Do you want me to help you to solve the equation?
\[4p ^{3}-4p ^{4}=p ^{4}\] First add 4p^4 to both sides.
Now divide both sides by 5p^3 and post the result.
\[\frac{4p ^{3}}{5p ^{3}}=\frac{5p ^{4}}{5p ^{3}}\] Now simplify.
but the answer is 3/4
If you test the value of p = 3/4 you will find that it is not correct. Testing the value of p = 4/5 shows that it is correct. Did you copy the original question correctly?
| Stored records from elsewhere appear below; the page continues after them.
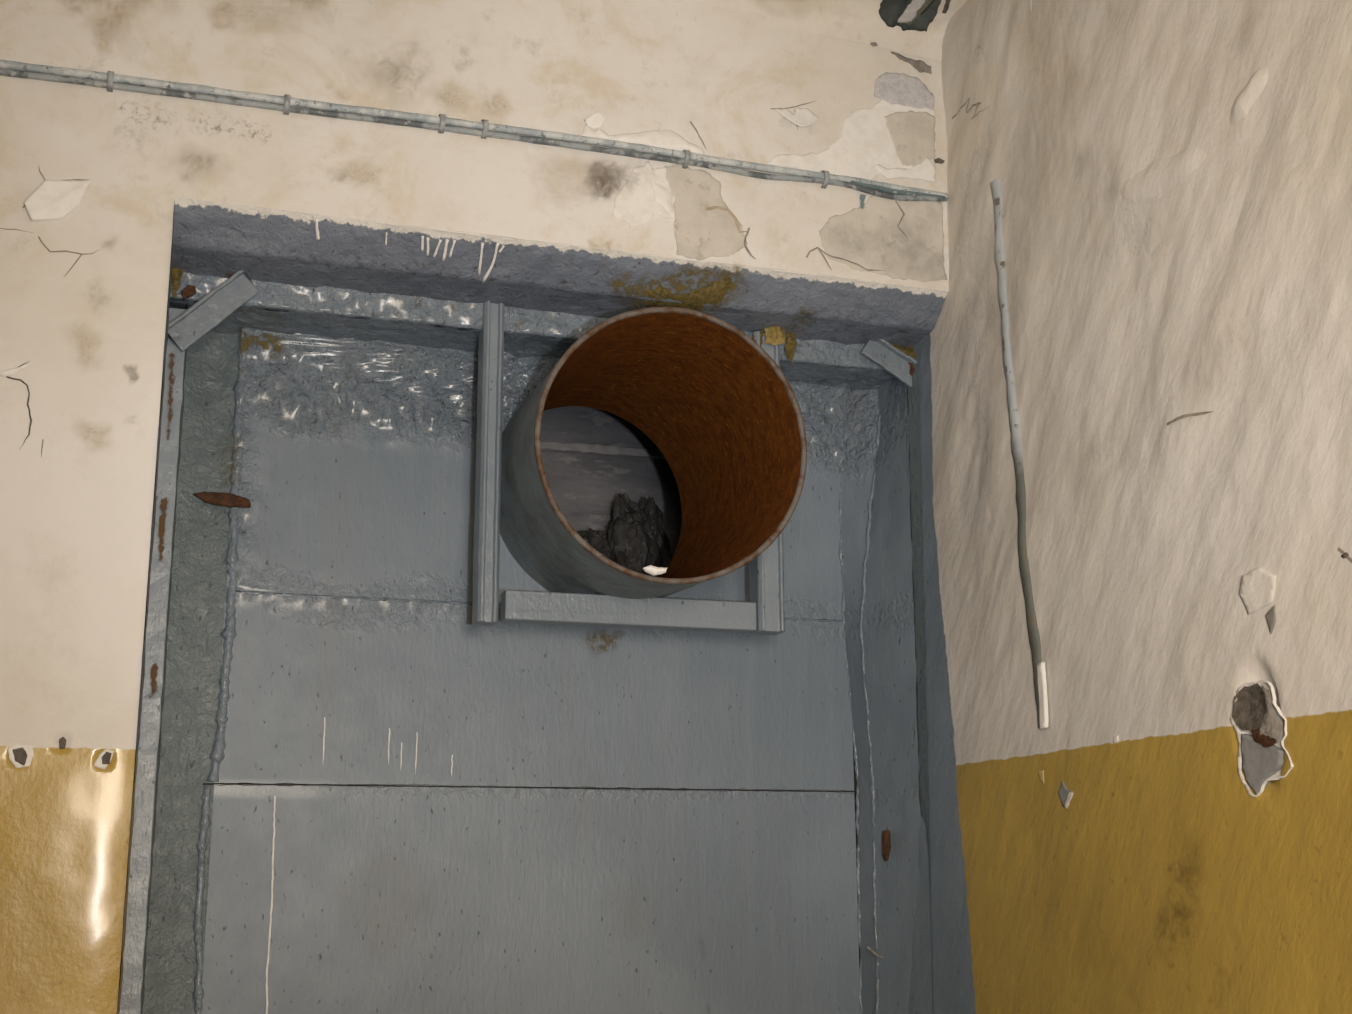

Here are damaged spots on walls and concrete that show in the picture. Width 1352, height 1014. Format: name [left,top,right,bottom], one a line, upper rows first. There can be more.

leakage [592,168,617,196]
peeling [581,112,756,261]
peeling [766,42,947,282]
crack [0,228,98,278]
rust [172,268,184,298]
crack [0,361,44,458]
rust [158,498,167,560]
spalling [1230,680,1294,797]

anyway, i gotthe idea, can I ask you one more question, i just need an explanation, please
A variable X follows a normal distribution with mean 10 and standard deviation 5. Another variable Y follows a normal distribution with mean 25 and standard deviation 10. The maximum height of the density curve for X is_______ (i) the maximum height for the density curve for Y , and the area under the density curve for X is__________ (ii) the area under the density curve for Y . (A) (i) greater than, (ii) less than (B) (i) less than, (ii) greater than (C) (i) equal to, (ii) equal to (D) (i) greater than, (ii) equal to (E) (i) less than, (ii) less than
Here is the checking of the answer p = 4/5: \[P(X=3)=\left(\begin{matrix}4 \\ 3\end{matrix}\right)\times (\frac{4}{5})^{3}\times \frac{1}{5}=(\frac{4}{5})^{4}\] \[P(X=4)=\left(\begin{matrix}4 \\ 4\end{matrix}\right)\times (\frac{4}{5})^{4}\times (\frac{1}{5})^{0}=(\frac{4}{5})^{4}\]
could you explain that one please
@yashar806 Please post your second question again after closing this one. Sorry I cannot help any further. I must log out now.